À l’origine du conflit, l’agression suspectée d’un jeune homme tchétchène de 16 ans, par des personnes d’origine maghrébine, ceci a entraîné une grande mobilisation des membres de la communauté tchétchène dans une expédition punitive.

 

 

 

 

« Nous étions une centaine [dans la nuit de vendredi à samedi], venus de toute la France, mais aussi de Belgique et d’Allemagne (…). Nous n’avons jamais eu l’intention de saccager la ville ni de nous en prendre à la population », a expliqué un Tchétchène cité par Le Monde, confirmant que l’expédition visait à venger un « jeune de 16 ans », membre de la communauté tchétchène, qui aurait été « agressé » par des dealers.

« Il s’agit d’une dérive communautariste et raciste, avec une expédition punitive de Tchétchènes, une vengeance, sur des membres de la communauté maghrébine, qui auraient agressé un jeune homme, peut-être dans le cadre d’une affaire de trafic de drogues », a expliqué le procureur de Dijon Éric Mathais.

« Puisque la justice passe trop tard et que la police n’a pas les moyens de son action, la communauté tchétchène est venue faire respecter elle-même son droit », a déclaré le maire de Dijon, François Rebsamen. « On n’est plus en République quand ça se passe comme ça », a-t-il estimé sur les ondes de BFM TV.

 Emmanuel Macron réagit aux affrontements de Dijon

Dans ce contexte, le président français Emmanuel Macron a demandé au ministère de l’Intérieur d’expulser les Tchétchènes interpellés suite aux affrontements observés ces derniers jours à Dijon.

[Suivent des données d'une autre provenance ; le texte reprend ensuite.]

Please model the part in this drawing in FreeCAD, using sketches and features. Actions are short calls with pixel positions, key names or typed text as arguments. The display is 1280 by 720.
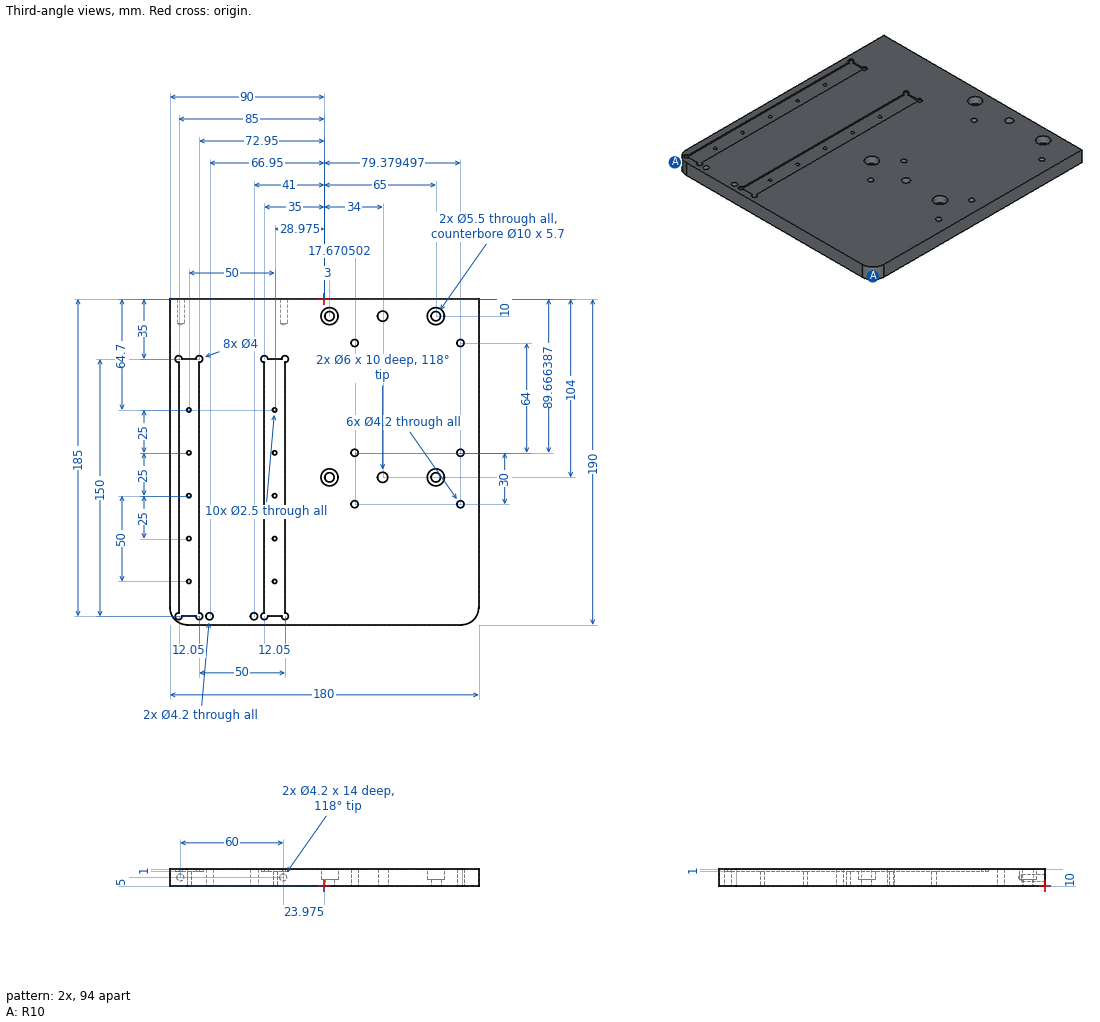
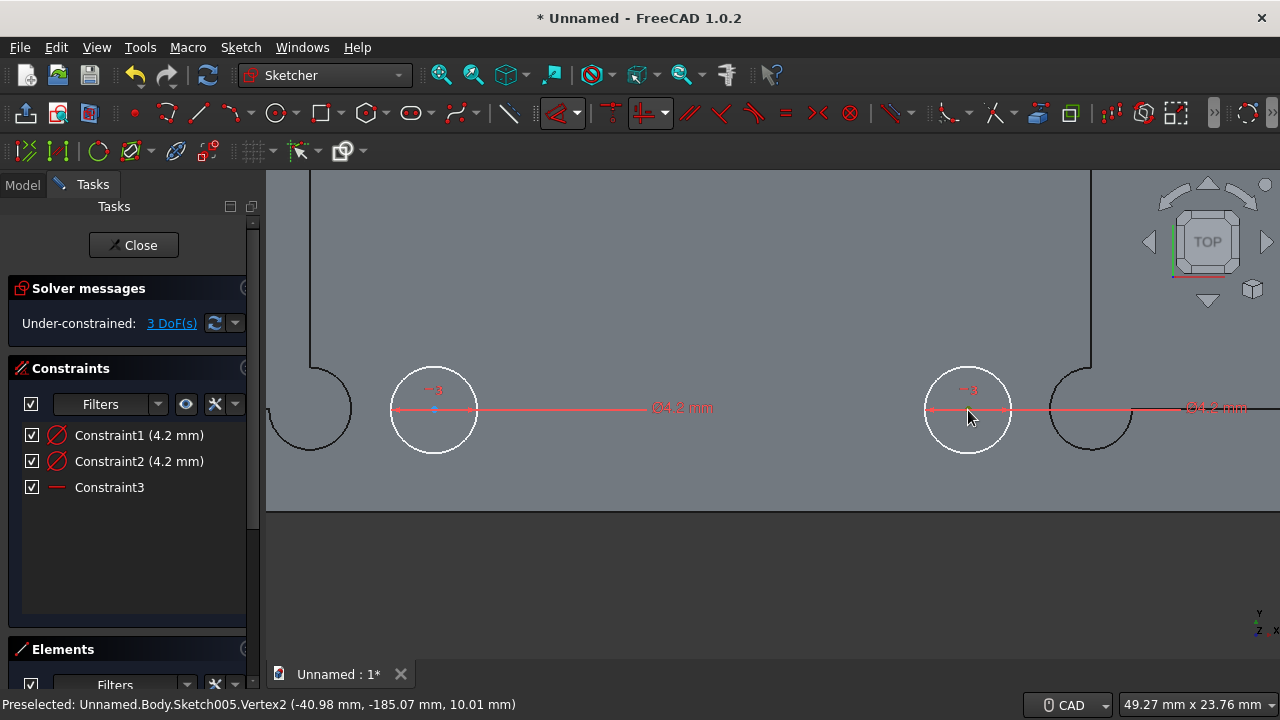
click(580, 114)

Le secrétaire d’État auprès du ministre de l’Intérieur, Laurent Nuñez, a quant à lui promis « une réponse extrêmement ferme » des autorités, annonçant qu’il y aura ce mardi soir à Dijon « deux unités de force mobiles », soit près de 150 fonctionnaires ou militaires de la gendarmerie en plus des effectifs locaux.

« Je veux passer un message très clair aux voyous que nous avons vu exhiber des armes, aux individus qui sont venus commettre ici des violences à Dijon : notre réponse sera extrêmement ferme », a déclaré M. Nuñez en marge d’une visite à Dijon effectuée ce mardi.

« Notre pays sombre dans le chaos ! Que fait Christophe Castaner ? Des bandes se livrent une guerre ethnique, arme automatique à la main. Voilà, en toute clarté, la réalité de l’ensauvagement », a dénoncé pour sa part, hier lundi, Marine Le Pen, présidente du parti d’extrême droite Rassemblement national.